Biosynthesis and Cannabinoid Receptor Affinity of the Novel Eicosanoid, Conjugated Triene Anandamide

Abstract

The predominant psychotropic agent of the marihuana plant Cannabis sativa, Δ9-tetrahydrocannabinol, has a diversity of pharmacological effects in mammalian systems.¹ Some of these indicate that cannabinoids are of potential utility in treating diverse human conditions such as inflammation, pain and nausea. In the last several years, the effects of cannabinoids have been shown to occur through receptor mediated in addition to receptor independent pathways.¹ The rat neuronal cannabinoid receptor (CB1), cloned and se-quenced in 1990, is of structure typical of G-protein coupled receptors with seven transmembrane domains.² Soon after the discovery of this receptor, its endogenous ligand, anandamide, was isolated and structurally defined.³ It was of surprise that such an uncomplicated substance, composed simply of arachidonic acid and ethanolamine subunits, should have such an important neurochemical role (figure 1).
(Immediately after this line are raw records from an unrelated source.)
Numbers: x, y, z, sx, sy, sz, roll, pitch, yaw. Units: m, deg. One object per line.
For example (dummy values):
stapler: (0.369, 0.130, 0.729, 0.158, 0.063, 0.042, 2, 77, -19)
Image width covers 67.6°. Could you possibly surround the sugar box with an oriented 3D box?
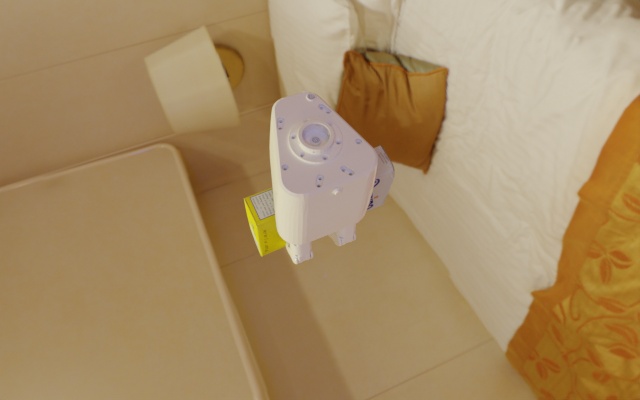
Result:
sugar box: (0.000, 0.002, 0.577, 0.176, 0.048, 0.093, -20, -24, -13)
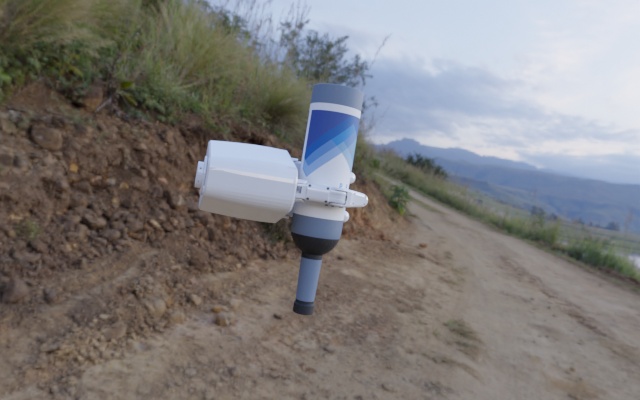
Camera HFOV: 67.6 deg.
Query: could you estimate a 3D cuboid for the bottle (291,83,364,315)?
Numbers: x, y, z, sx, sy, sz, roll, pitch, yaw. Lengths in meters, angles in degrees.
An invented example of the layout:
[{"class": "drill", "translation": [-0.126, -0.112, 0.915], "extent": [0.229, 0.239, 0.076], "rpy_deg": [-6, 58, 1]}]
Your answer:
[{"class": "bottle", "translation": [0.000, 0.002, 0.623], "extent": [0.069, 0.296, 0.069], "rpy_deg": [9, 2, 0]}]
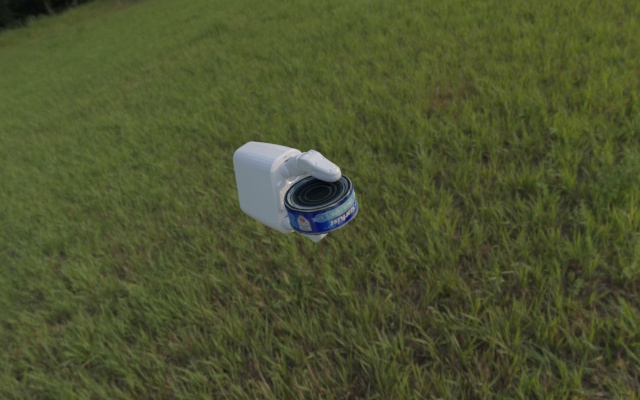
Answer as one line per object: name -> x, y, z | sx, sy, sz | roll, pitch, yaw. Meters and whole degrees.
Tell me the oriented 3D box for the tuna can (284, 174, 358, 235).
tuna can -> 0.000, 0.001, 0.570 | 0.086, 0.034, 0.086 | -11, 32, 7
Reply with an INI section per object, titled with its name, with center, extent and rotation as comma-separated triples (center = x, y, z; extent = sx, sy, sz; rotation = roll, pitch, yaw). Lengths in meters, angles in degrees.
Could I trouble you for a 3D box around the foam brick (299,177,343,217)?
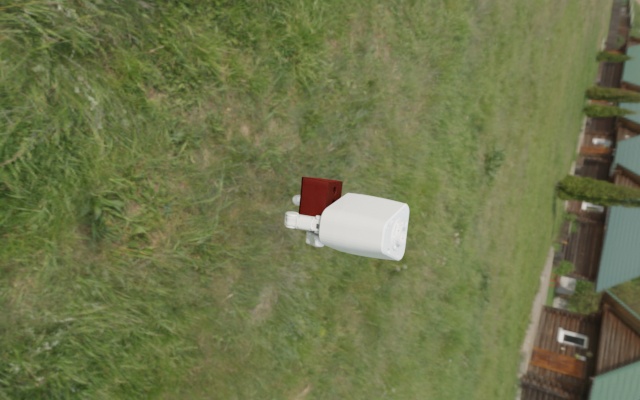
[foam brick]
center = 0.000, 0.002, 0.781
extent = 0.051, 0.078, 0.053
rotation = 9, 7, 29
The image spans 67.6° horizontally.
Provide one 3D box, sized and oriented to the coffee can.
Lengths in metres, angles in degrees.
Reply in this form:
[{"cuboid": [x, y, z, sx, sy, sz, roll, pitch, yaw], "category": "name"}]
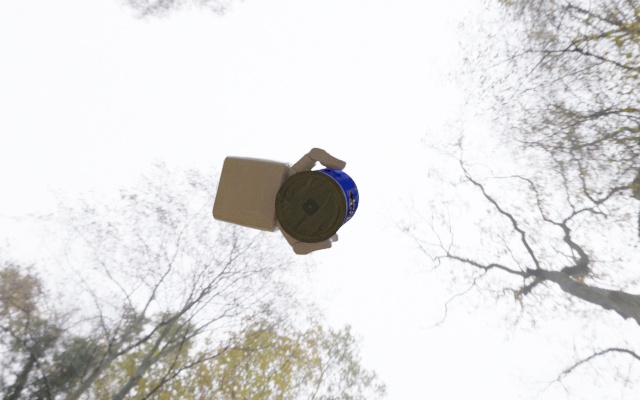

The in vitro and in vivo pharmacological actions of anandamide are comparable to those of Δ9-THC, and include inhibition of adenylate cyclase, inhibition of N-type Ca⁺² channels, inhibition of locomotor activity, and production of hypothermia, antinociception, and catalepsy.¹ Correspondingly, there is great interest in both the structure-activity relationships of this new class of neurochemical as well as the search for new agonists and antagonists of this receptor. Our interest is focused in these latter areas, with our two approaches being 1) the screening of natural product extracts from marine organisms for agents that bind with high affinity to the cannabinoid receptor, and 2) the use of the unusual fatty acid metabolizing systems of marine algae to make correspondingly unique analogs of anandamide. Our progress with these two approaches forms the basis of this report.